Connections are driven by MOVEMENT, movement that arises from our lower brain (the brain stem) in the form of primitive reflexes. The dance between brain and body begins before birth but blossoms into primitive reflexes by birth and then in a few months to postural reflexes, both of which will initiate and drive connections to our higher brain. Why is this important? These connections take the brain from the lower brain stem (survival) up to the higher brain, the cortex, which develops into our ‘thinking brain’. The presence and absence of these reflexes can also be used by clinicians to evaluate the development of the brain.

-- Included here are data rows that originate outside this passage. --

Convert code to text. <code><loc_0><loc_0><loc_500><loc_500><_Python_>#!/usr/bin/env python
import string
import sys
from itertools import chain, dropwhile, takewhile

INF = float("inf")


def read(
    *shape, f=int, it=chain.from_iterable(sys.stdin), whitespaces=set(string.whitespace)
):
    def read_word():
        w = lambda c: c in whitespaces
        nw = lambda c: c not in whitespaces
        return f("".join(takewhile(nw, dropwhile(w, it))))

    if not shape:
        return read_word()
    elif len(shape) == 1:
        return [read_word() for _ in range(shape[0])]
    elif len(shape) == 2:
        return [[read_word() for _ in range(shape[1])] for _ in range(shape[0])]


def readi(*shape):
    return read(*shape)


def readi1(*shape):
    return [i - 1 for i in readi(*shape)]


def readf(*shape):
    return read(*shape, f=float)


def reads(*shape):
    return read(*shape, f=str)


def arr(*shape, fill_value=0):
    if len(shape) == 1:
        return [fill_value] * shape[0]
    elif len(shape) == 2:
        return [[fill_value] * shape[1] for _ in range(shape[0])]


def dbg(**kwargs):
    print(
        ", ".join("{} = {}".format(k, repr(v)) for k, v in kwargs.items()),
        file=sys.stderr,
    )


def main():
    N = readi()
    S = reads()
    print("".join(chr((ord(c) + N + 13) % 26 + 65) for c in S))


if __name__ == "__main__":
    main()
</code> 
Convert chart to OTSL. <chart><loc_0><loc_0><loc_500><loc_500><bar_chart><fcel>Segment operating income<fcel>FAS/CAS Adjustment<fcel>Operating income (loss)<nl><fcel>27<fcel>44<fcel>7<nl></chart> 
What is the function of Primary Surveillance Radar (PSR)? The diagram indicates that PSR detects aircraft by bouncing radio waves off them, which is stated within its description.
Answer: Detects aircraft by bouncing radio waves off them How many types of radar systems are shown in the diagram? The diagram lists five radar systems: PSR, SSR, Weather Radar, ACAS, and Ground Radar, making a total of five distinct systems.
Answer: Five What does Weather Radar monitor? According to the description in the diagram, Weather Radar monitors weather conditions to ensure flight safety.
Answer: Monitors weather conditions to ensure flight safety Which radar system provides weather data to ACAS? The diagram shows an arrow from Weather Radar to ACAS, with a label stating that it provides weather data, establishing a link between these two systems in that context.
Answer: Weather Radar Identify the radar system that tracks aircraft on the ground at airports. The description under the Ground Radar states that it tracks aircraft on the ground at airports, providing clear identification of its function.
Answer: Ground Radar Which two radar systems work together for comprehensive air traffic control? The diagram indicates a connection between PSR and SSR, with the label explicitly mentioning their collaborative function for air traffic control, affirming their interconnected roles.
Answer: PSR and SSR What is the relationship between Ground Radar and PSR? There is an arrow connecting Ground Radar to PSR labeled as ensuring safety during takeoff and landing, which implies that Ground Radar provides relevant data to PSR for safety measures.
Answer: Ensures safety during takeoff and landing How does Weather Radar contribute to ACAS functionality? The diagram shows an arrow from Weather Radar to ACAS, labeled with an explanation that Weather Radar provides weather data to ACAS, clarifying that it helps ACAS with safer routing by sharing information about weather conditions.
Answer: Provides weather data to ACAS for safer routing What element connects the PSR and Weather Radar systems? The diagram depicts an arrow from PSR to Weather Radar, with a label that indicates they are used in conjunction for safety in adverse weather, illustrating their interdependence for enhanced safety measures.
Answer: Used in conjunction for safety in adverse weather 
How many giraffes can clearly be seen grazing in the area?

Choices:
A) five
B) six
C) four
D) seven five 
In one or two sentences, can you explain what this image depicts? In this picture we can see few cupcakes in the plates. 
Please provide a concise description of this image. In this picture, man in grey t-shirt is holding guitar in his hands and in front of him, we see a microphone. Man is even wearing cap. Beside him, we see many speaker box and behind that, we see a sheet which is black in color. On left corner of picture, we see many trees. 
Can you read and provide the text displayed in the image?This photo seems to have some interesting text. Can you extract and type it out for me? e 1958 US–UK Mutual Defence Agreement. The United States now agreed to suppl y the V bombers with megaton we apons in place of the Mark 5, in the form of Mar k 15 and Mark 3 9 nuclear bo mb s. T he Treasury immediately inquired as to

We now know that babies learn much sooner and are capable of much more than was thought just a few decades ago:
(1) Babies have been shown to recognize and prefer a book read to them during the last 6 weeks of pregnancy. Within hours of birth, babies preferred familiar stories read by their mother over a different story. Babies may not see mom, but they can hear mom (and dad) during pregnancy and recognize the story and the voice within hours of birth (used pacifiers hooked up to computers which measure sucking rates – babies suck slower when intently interested in something).
(2) During the first month of life, a baby’s brain will increase the connections between other brain cells by twenty-fold. If a baby’s body grew this much, the baby would weigh 170 lbs. at one year of age!
(3) IQ is not fixed at birth – we now know IQ can vary by 20-30 points depending on environmental experiences that a baby is exposed to on a consistent basis.
(4) Pediatricians recommend no ‘screen time’ (no TV, ipad, iphone, computer) until 2 years of age – because they can negatively affect the development of our attention span and attentional system.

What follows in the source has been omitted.